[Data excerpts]
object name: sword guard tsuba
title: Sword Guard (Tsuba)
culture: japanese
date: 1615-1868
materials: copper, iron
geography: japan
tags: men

...

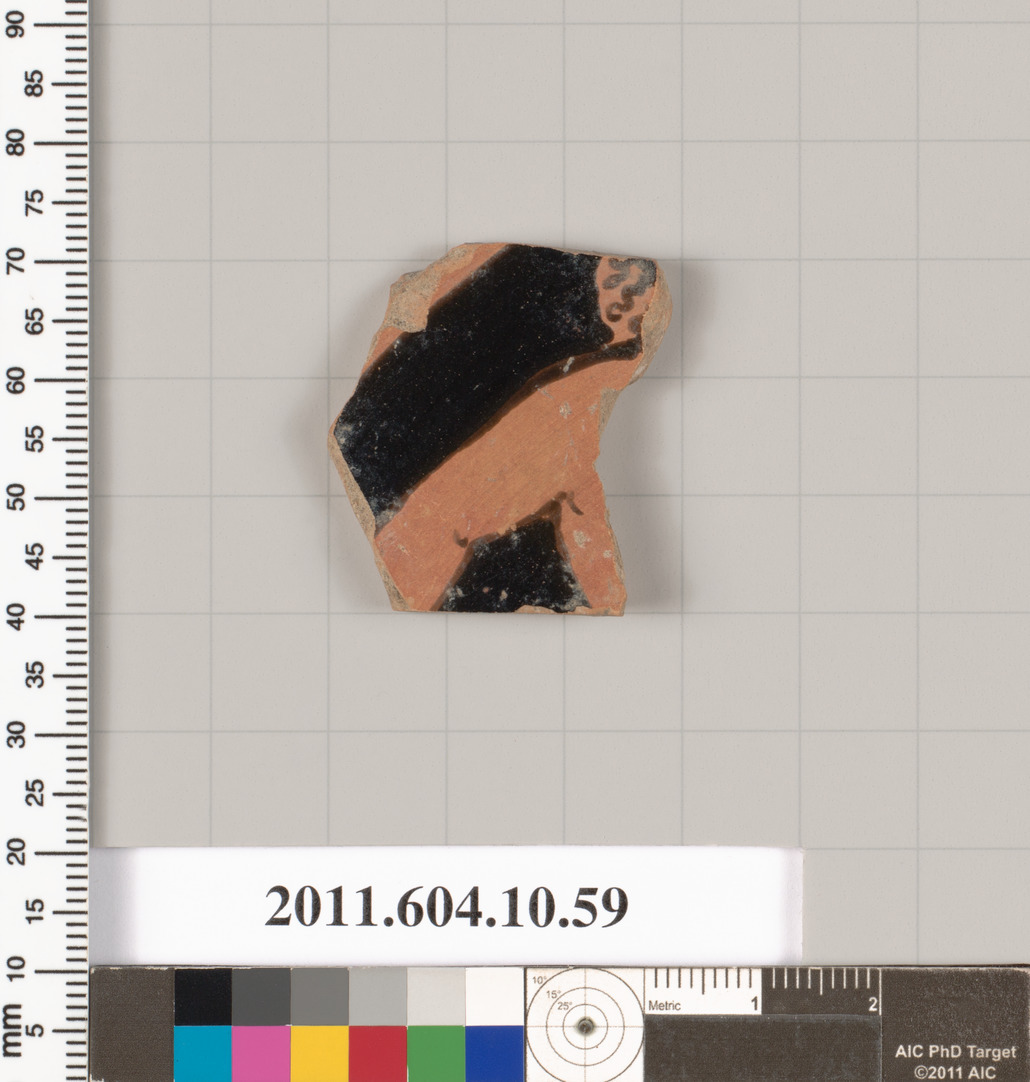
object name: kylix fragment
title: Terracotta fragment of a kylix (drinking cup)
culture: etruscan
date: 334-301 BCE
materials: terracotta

--

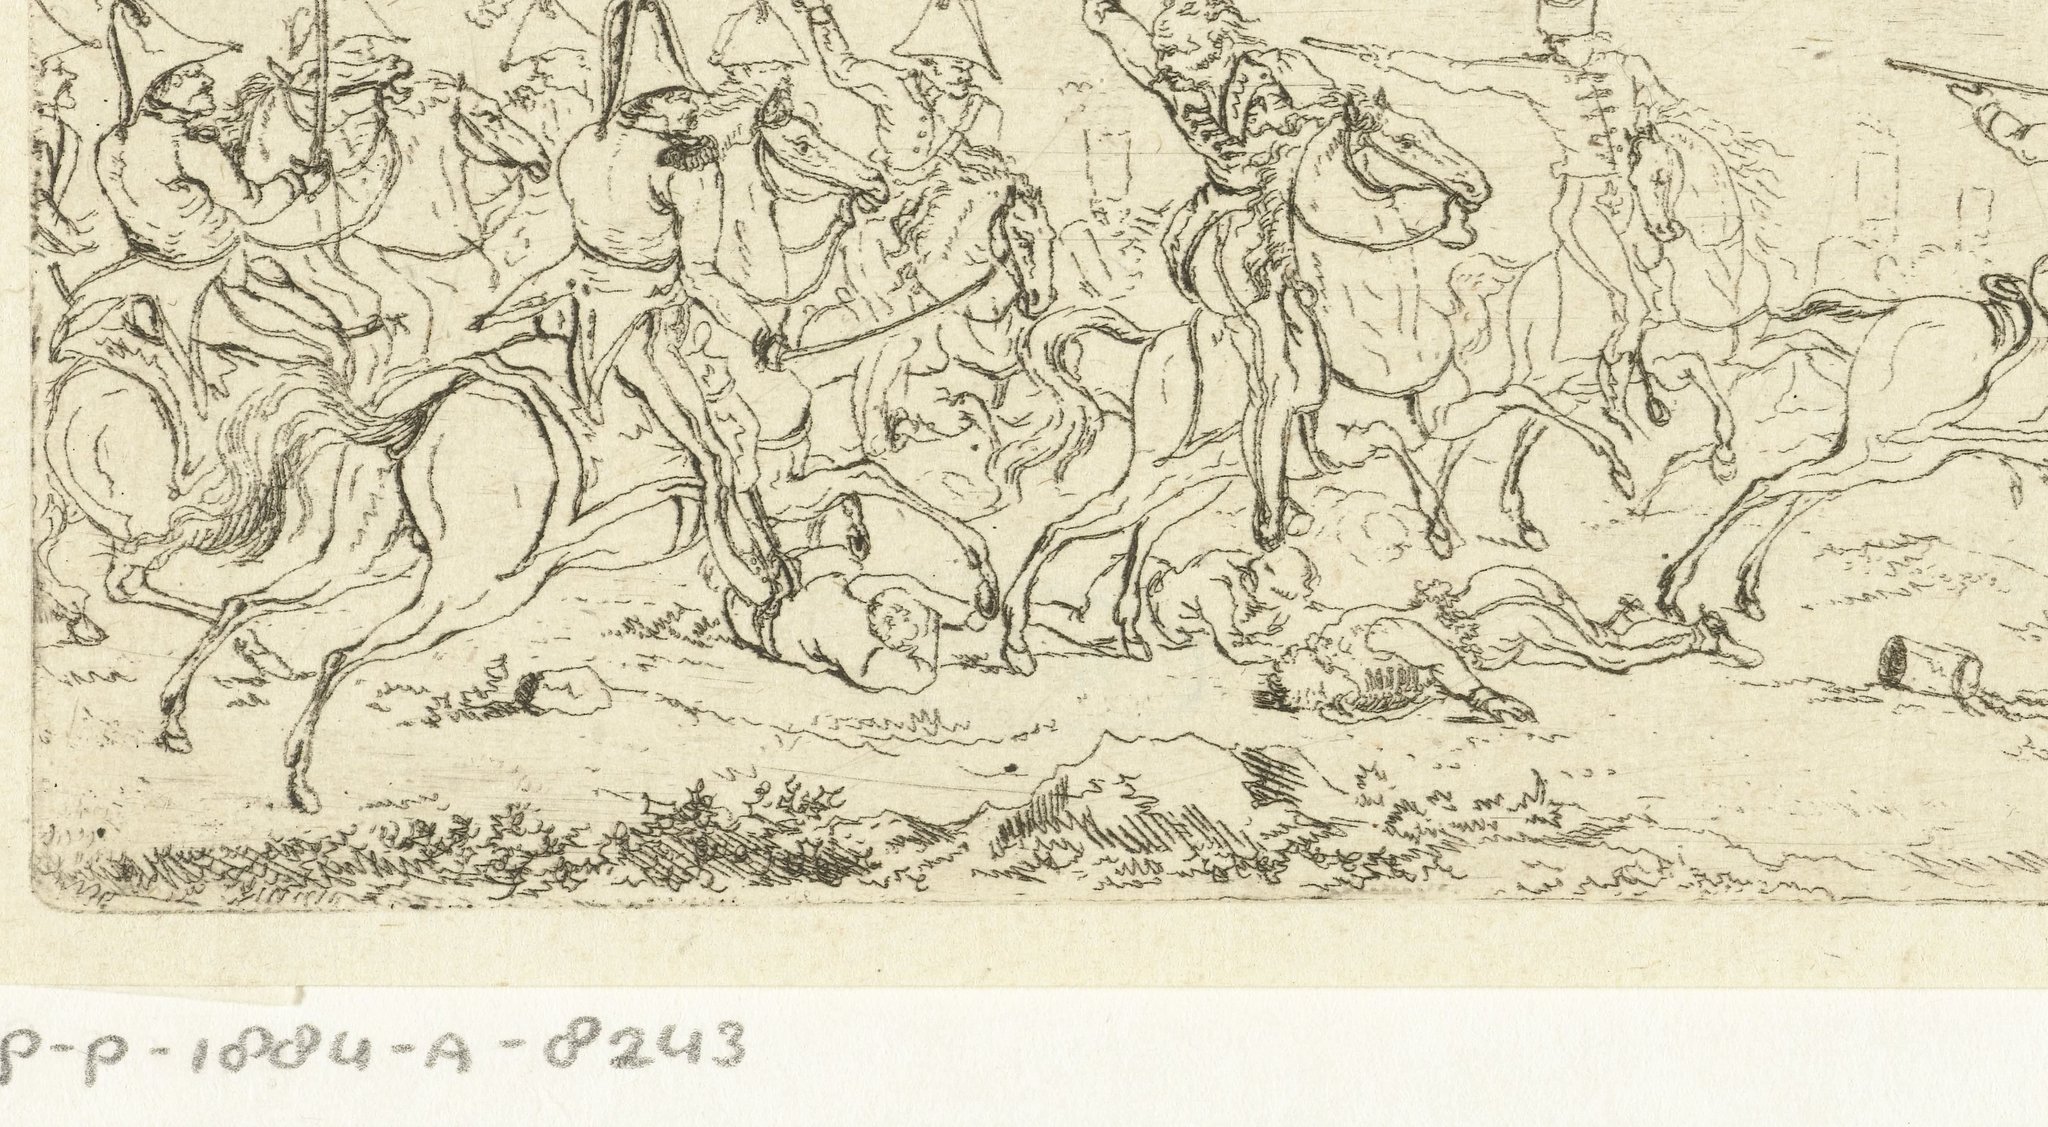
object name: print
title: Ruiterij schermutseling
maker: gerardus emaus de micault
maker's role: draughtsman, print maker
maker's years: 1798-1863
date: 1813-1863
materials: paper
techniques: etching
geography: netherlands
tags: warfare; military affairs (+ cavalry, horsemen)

> **Exercise**: Only lines holding the string "name" are wanted; gather each one from the entries above.

> **Written response**:
object name: sword guard tsuba
object name: kylix fragment
object name: print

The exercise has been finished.